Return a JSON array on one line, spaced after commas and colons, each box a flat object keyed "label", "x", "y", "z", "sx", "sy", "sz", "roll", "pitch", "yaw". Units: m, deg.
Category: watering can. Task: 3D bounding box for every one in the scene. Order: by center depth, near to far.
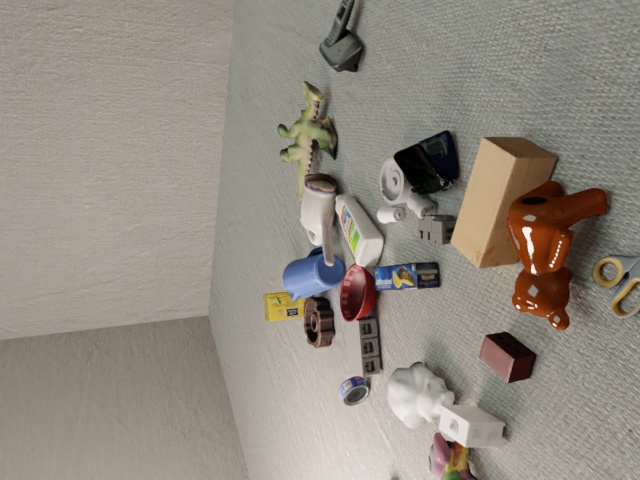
[{"label": "watering can", "x": 0.005, "y": -0.080, "z": 1.585, "sx": 0.353, "sy": 0.104, "sz": 0.220, "roll": -122, "pitch": 35, "yaw": -62}]

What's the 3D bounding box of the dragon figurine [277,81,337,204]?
[{"label": "dragon figurine", "x": -0.027, "y": -0.307, "z": 1.678, "sx": 0.244, "sy": 0.123, "sz": 0.406, "roll": 16, "pitch": 116, "yaw": 58}]

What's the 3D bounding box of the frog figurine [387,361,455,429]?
[{"label": "frog figurine", "x": 0.217, "y": 0.346, "z": 1.122, "sx": 0.160, "sy": 0.122, "sz": 0.137, "roll": -154, "pitch": 82, "yaw": -77}]
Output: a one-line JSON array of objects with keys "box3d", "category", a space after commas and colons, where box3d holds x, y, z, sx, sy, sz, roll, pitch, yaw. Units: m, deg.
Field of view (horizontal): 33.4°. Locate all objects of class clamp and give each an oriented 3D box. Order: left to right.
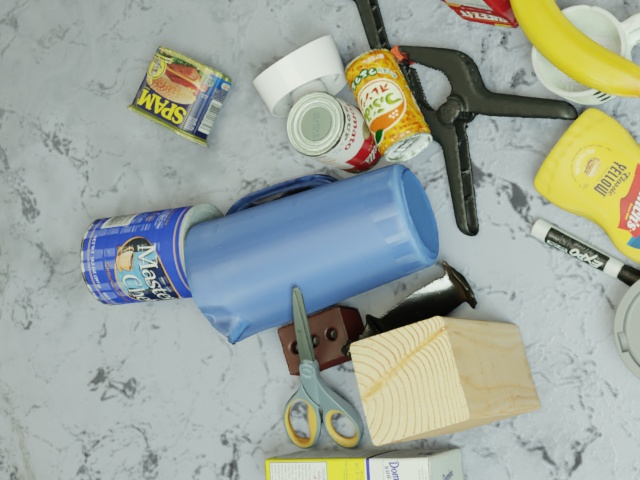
[{"box3d": [0.048, -0.275, 1.140, 0.172, 0.039, 0.120, 35, 95, 31], "category": "clamp"}, {"box3d": [0.148, -0.132, 1.068, 0.165, 0.036, 0.210, -44, 64, 26], "category": "clamp"}]

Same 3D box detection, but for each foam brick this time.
[{"box3d": [0.004, 0.106, 1.112, 0.078, 0.051, 0.053, -23, 74, 23], "category": "foam brick"}]

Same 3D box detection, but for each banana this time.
[{"box3d": [0.220, -0.192, 0.951, 0.070, 0.037, 0.198, -36, 68, 21], "category": "banana"}]

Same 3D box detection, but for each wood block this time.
[{"box3d": [0.118, 0.125, 0.964, 0.091, 0.205, 0.090, -20, 75, 25], "category": "wood block"}]

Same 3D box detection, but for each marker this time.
[{"box3d": [0.256, 0.014, 1.009, 0.121, 0.020, 0.020, 31, 99, 27], "category": "marker"}]

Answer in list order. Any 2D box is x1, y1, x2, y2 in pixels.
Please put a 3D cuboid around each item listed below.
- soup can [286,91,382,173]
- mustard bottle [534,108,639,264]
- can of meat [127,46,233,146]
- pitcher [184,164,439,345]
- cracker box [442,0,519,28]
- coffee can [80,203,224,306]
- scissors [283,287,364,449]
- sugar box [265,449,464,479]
[{"box3d": [0.017, -0.110, 1.101, 0.069, 0.102, 0.068, -4, 82, 27], "category": "soup can"}, {"box3d": [0.296, -0.032, 0.972, 0.192, 0.058, 0.096, 40, 99, 25], "category": "mustard bottle"}, {"box3d": [-0.159, -0.167, 1.226, 0.102, 0.057, 0.084, 28, 95, 27], "category": "can of meat"}, {"box3d": [-0.007, 0.001, 1.097, 0.243, 0.144, 0.149, -19, 89, 21], "category": "pitcher"}, {"box3d": [0.153, -0.305, 0.989, 0.072, 0.213, 0.164, 19, 93, 26], "category": "cracker box"}, {"box3d": [-0.180, 0.018, 1.190, 0.140, 0.102, 0.103, -7, 81, 27], "category": "coffee can"}, {"box3d": [0.006, 0.140, 1.074, 0.096, 0.016, 0.202, 17, 126, 12], "category": "scissors"}, {"box3d": [0.044, 0.232, 1.055, 0.176, 0.093, 0.048, -4, 84, 28], "category": "sugar box"}]
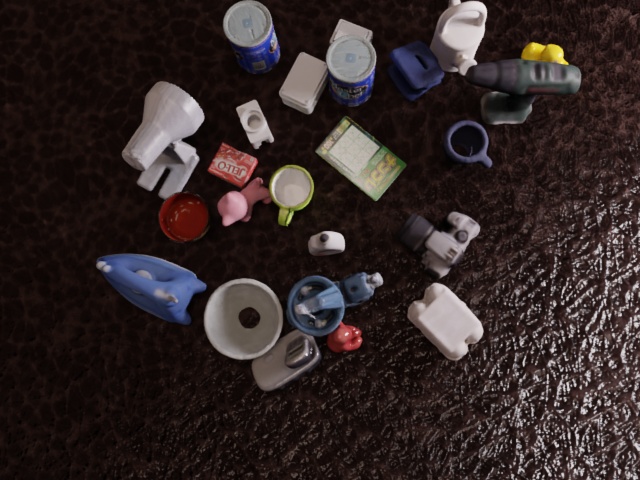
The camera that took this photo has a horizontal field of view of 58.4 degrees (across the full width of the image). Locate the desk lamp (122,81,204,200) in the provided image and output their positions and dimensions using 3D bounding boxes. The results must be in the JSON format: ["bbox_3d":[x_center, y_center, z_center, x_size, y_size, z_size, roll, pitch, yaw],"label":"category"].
[{"bbox_3d":[-0.324,-0.201,1.197,0.118,0.213,0.203,27,85,7],"label":"desk lamp"}]

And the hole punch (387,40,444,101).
[{"bbox_3d":[0.210,-0.380,1.252,0.101,0.091,0.108,-34,82,-1],"label":"hole punch"}]

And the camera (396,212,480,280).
[{"bbox_3d":[0.241,-0.009,1.198,0.136,0.101,0.143,36,86,7],"label":"camera"}]

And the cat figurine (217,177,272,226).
[{"bbox_3d":[-0.167,-0.086,1.222,0.128,0.118,0.067,-44,82,-3],"label":"cat figurine"}]

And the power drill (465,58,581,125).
[{"bbox_3d":[0.397,-0.306,1.173,0.229,0.208,0.076,-3,82,3],"label":"power drill"}]

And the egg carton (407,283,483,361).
[{"bbox_3d":[0.261,0.169,1.190,0.107,0.069,0.150,-45,83,-3],"label":"egg carton"}]

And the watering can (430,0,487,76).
[{"bbox_3d":[0.296,-0.433,1.202,0.101,0.194,0.173,-29,82,-1],"label":"watering can"}]

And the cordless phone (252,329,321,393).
[{"bbox_3d":[-0.072,0.244,1.140,0.147,0.185,0.094,-36,82,-2],"label":"cordless phone"}]

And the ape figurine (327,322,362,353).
[{"bbox_3d":[0.046,0.200,1.186,0.076,0.092,0.078,-32,82,-1],"label":"ape figurine"}]

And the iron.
[{"bbox_3d":[-0.380,0.086,1.199,0.258,0.141,0.119,22,84,6],"label":"iron"}]

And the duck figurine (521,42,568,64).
[{"bbox_3d":[0.491,-0.395,1.241,0.077,0.086,0.104,-45,82,-3],"label":"duck figurine"}]

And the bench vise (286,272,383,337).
[{"bbox_3d":[0.017,0.106,1.135,0.207,0.220,0.121,-41,82,-2],"label":"bench vise"}]

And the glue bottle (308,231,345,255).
[{"bbox_3d":[0.011,0.004,1.172,0.078,0.173,0.037,-11,82,2],"label":"glue bottle"}]

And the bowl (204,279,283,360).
[{"bbox_3d":[-0.156,0.167,1.210,0.167,0.075,0.167,0,83,3],"label":"bowl"}]

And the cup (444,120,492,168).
[{"bbox_3d":[0.314,-0.189,1.220,0.092,0.095,0.117,-45,82,-3],"label":"cup"}]
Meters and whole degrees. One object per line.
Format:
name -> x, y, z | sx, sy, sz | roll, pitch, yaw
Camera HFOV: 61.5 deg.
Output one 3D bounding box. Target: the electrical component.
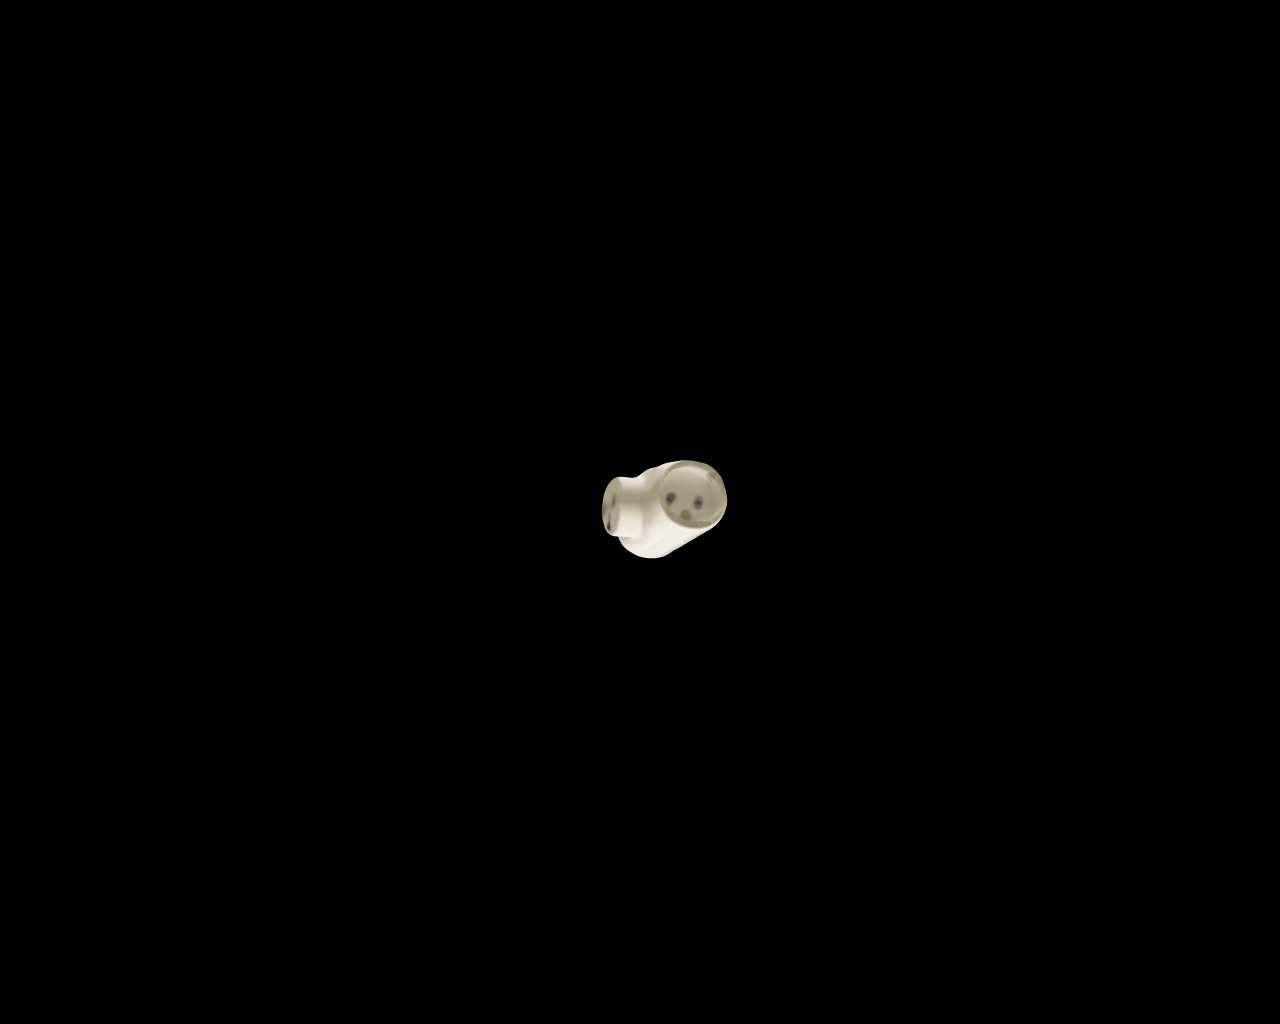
electrical component -> 0.001, -0.003, 0.650 | 0.079, 0.043, 0.077 | 6, -17, -19

## Work item
Scan the data above for the word "Units". Copy every line in which it is found.

## Result of the task
Return a JSON array on one line, spaced after commas and colons, each box a flat object keyed "label", "x", "y", "z", "sx", "sy", "sz", "roll", "pitch", "yaw". Units: m, deg.
Output: a one-line JSON array of objects with keys "box3d", "category", a space after commas and colons, where box3d holds x, y, z, sx, sy, sz, roll, pitch, yaw. Units: m, deg.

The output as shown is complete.